Finalmente chega aos acampamentos dos cristãos, onde estão acantonados Ricardo
Coração de Leão de Inglaterra, Filipe II de França e o Arquiduque Leopoldo V de
Áustria. Os três estão muito divididos, reclamando cada um para si a honra de
conquistar Jerusalém. Fazem parte do conselho da liga cristã, juntamente com
Jóscius, arcebispo de Tiro; Robert de Sablé, Grão-Mestre dos Templários; e o
Marquês Conrade de Montserrate. Do lado dos muçulmanos lado dos muçulmanos está
o sultão Saladino, que chega a entrar no acampamento inglês como El Hakim, disfarçado
de médico mouro, quando Ricardo adoeceu.
Há
outras personagens importantes, embora secundárias, como Strauchan, escudeiro
de Kenneth; a Rainha Berengária, mulher de Ricardo; Lady Calista, sua
assistente; Necbatus, anão da rainda; Wallenrode um guerreiro Húngaro; Blondel,
menestrel de Ricardo; Marabu, um fanático turco; Sir Thomas de Vaux e Sir Thomas
de Multon. Com estas indicações talvez seja mais fácil ler o livro.
O
romance explora o amor entre Kenneth e Lady Edith, ainda prima do rei Ricardo de
Inglaterra, paixão que vai ter no desenrolar do livro alguns percalços. O jogo
político trava-se sobretudo entre Ricardo de Inglaterra, Leopoldo de Áustria e
Filipe de França, com o Grão-Mestre dos Templários e o Marquês de Monteserrat de
permeio, tendo como contraponto, mas aparentemente ausente, a não ser ao fim, o
sultão Saladino. Para um medievalista será sempre um livro muito interessante.

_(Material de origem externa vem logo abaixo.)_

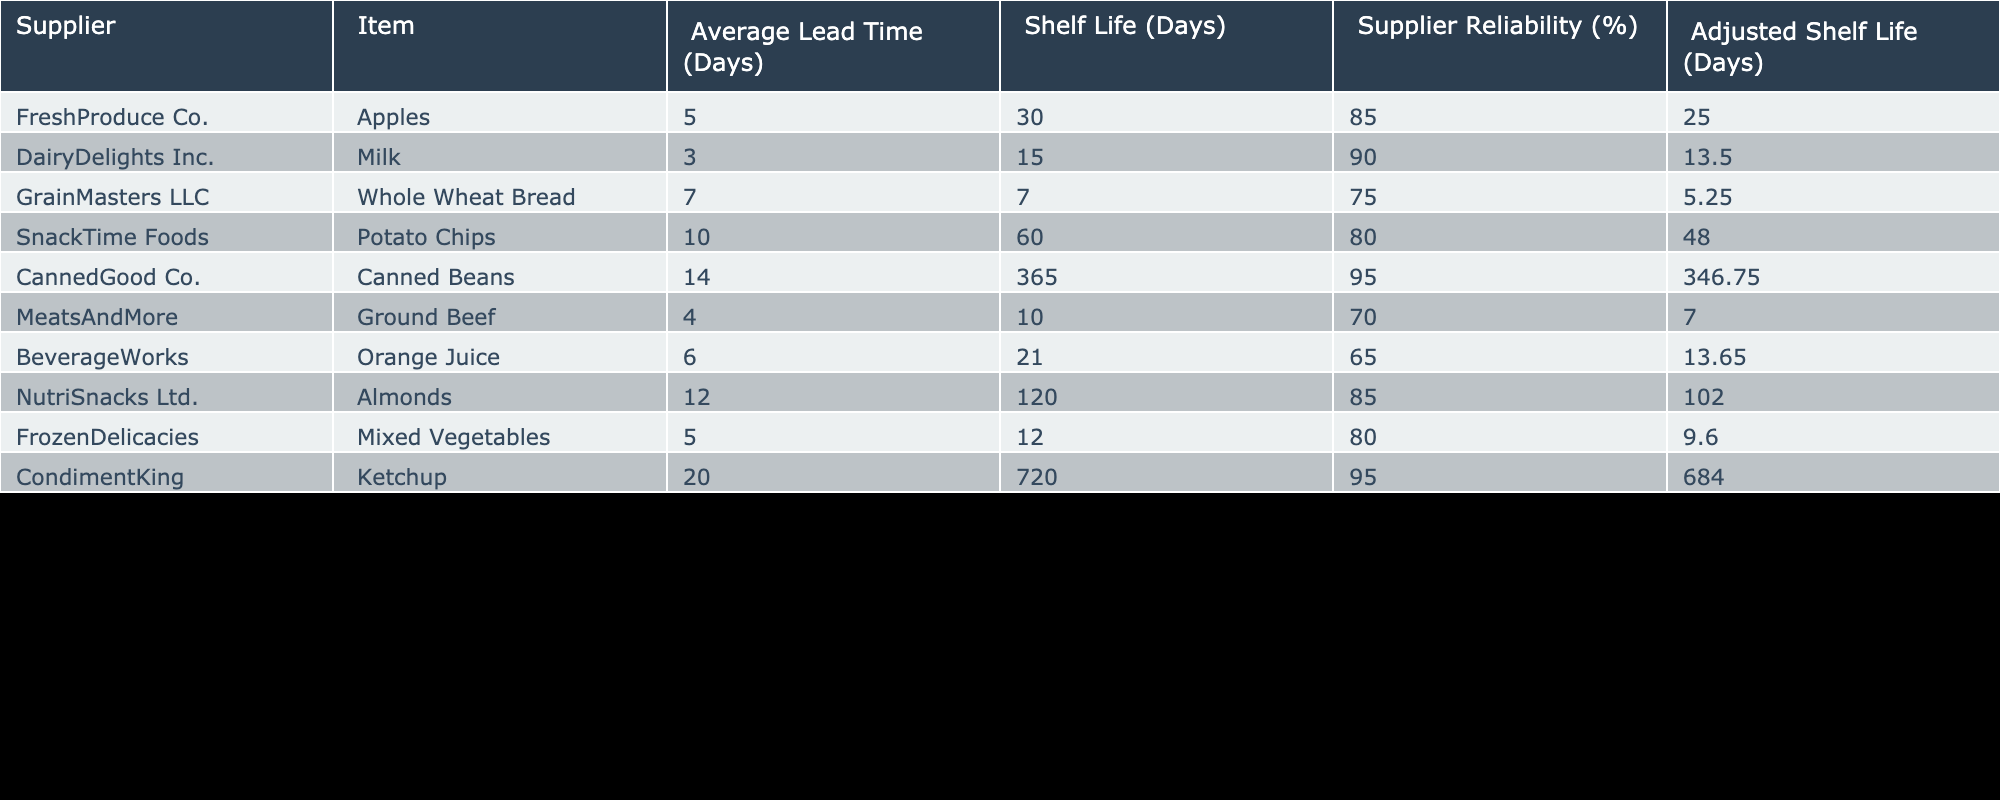What is the shelf life of potatoes chips? The shelf life for snack items like potato chips is directly provided in the table under the "Shelf Life (Days)" column. For Potato Chips, it's 60 days.
Answer: 60 days Which supplier has the highest supplier reliability? The "Supplier Reliability (%)" column shows the reliability percentages for each supplier. By comparing the values, we see that CannedGood Co. has the highest reliability at 95%.
Answer: CannedGood Co How much does the average shelf life of items from DairyDelights Inc. get adjusted? For DairyDelights Inc., the original shelf life is 15 days and adjusted shelf life is 13.5 days. The adjustment is calculated as the original shelf life minus the adjusted shelf life, which is 15 - 13.5 = 1.5 days.
Answer: 1.5 days If we combine the adjusted shelf lives of all items, what is the total? To find the total of adjusted shelf lives, we sum the adjusted values from the table: 25 + 13.5 + 5.25 + 48 + 346.75 + 7 + 13.65 + 102 + 9.6 + 684 = 1250.85 days.
Answer: 1250.85 days Is the adjusted shelf life of Almonds greater than that of Ground Beef? The adjusted shelf life of Almonds is 102 days and for Ground Beef it's 7 days. Since 102 > 7, the statement is true.
Answer: Yes What is the average shelf life of all items provided in the table? The average shelf life is calculated by summing all shelf lives (30 + 15 + 7 + 60 + 365 + 10 + 21 + 120 + 12 + 720) = 1290 days. There are 10 items, so the average is 1290 / 10 = 129 days.
Answer: 129 days Which item has the shortest shelf life, and what is its value? By examining the "Shelf Life (Days)" column, we find that Whole Wheat Bread has the shortest shelf life at 7 days.
Answer: 7 days If the shelf life of Canned Beans were adjusted by 10%, what would that value be? The current shelf life for Canned Beans is 365 days. Adjusting it by 10% means we take 10% of 365, which is 36.5 days. Therefore, the adjusted shelf life becomes 365 - 36.5 = 328.5 days.
Answer: 328.5 days Is the average lead time for items from FreshProduce Co. less than that of SnackTime Foods? The average lead time for FreshProduce Co. is 5 days and for SnackTime Foods is 10 days. Since 5 < 10, the statement is true.
Answer: Yes 
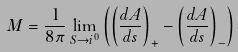Convert formula to latex. <formula><loc_0><loc_0><loc_500><loc_500>M = \frac { 1 } { 8 \pi } \lim _ { S \rightarrow i ^ { 0 } } \left ( \left ( \frac { d A } { d s } \right ) _ { \tt + } - \left ( \frac { d A } { d s } \right ) _ { \tt - } \right )</formula> 
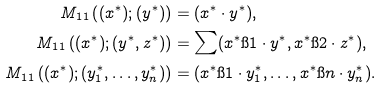Convert formula to latex. <formula><loc_0><loc_0><loc_500><loc_500>M _ { 1 1 } \left ( ( x ^ { * } ) ; ( y ^ { * } ) \right ) & = ( x ^ { * } \cdot y ^ { * } ) , \\ M _ { 1 1 } \left ( ( x ^ { * } ) ; ( y ^ { * } , z ^ { * } ) \right ) & = \sum ( x ^ { * } \i 1 \cdot y ^ { * } , x ^ { * } \i 2 \cdot z ^ { * } ) , \\ M _ { 1 1 } \left ( ( x ^ { * } ) ; ( y ^ { * } _ { 1 } , \dots , y ^ { * } _ { n } ) \right ) & = ( x ^ { * } \i 1 \cdot y ^ { * } _ { 1 } , \dots , x ^ { * } \i { n } \cdot y ^ { * } _ { n } ) .</formula> 
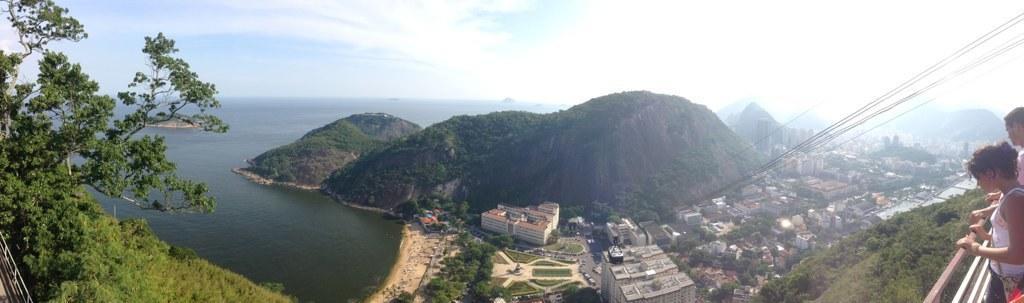In one or two sentences, can you explain what this image depicts? In the picture I can see these two persons are standing near the steel railing which is on the right side of the image. Here I can see ropes, ropeway, buildings, hills, trees, the water and the sky with clouds in the background.

O romance é de início nebuloso,
descritivo, mas depois vai-se aclarando, com diálogos mais calorosos e
frequentes. A linguagem é quase solene, por vezes bíblica. Retrata o choque
entre duas religiões, dois modos de viver, dois climas. O talismã propriamente
dito vai ser uma punção de Saladino, que este usara para curar Ricardo. A
intriga, a traição, o jogo amoroso, os actos de valentia, o espírito de
aventura, a honra, os ideais de cavalaria são ingredientes presentes por todo o
livro, o qual, para além da sua componente de entretenimento tem grande valor
pedagógico. Isto, apesar de nem sempre seguir com rigor as fontes da História.
A personagem Lady Edith, por exemplo é fictícia, foi inventada como artifício
para dar um tomo romanesco ao livro.
CONCLUSÃO
O Talismã é um romance que ainda se lê com
muito agrado. Ressalvadas as perdas na tradução que possa ter, não será uma
obra que se distinga pela excelência da sua elaboração romanesca, já que este género era então embrionário. Contudo,
consegue traduzir bem o ambiente aventuroso das cruzadas, delinear com mestria o jogo
político da Liga, descrevendo as intrigas militares e políticas, não sem que
desenvolva em simultâneo e com alguma intensidade a intriga amorosa, impregnada
de ingredientes que mais tarde outros autores tanto recorreram: como a paixão,
o segredo, o mistério, a traição: efeitos capazes de atrair muitos leitores.
Hoje
alguns críticos poderão não gostar do seu processo narrativo por ter pouca explicação
psicológica, ser algumas vezes descritivo e demasiado solene, teatral, e
noutras ir por se perder por longos diálogos, precisos mas excessivos, sobrevalorizando a acção,
a aventura, o misticismo. Porém, sejamos justos, O Talismã é um livro com uma contenção e uma delicadeza quase salomónicas,
na altura, excitante e inovador, bem dentro da história da literatura ocidental. E não
fosse ele tão longe nestes aspectos, que nos dá um relance mais ou menos fiel e
bastante vivo de uma página da História do Mundo.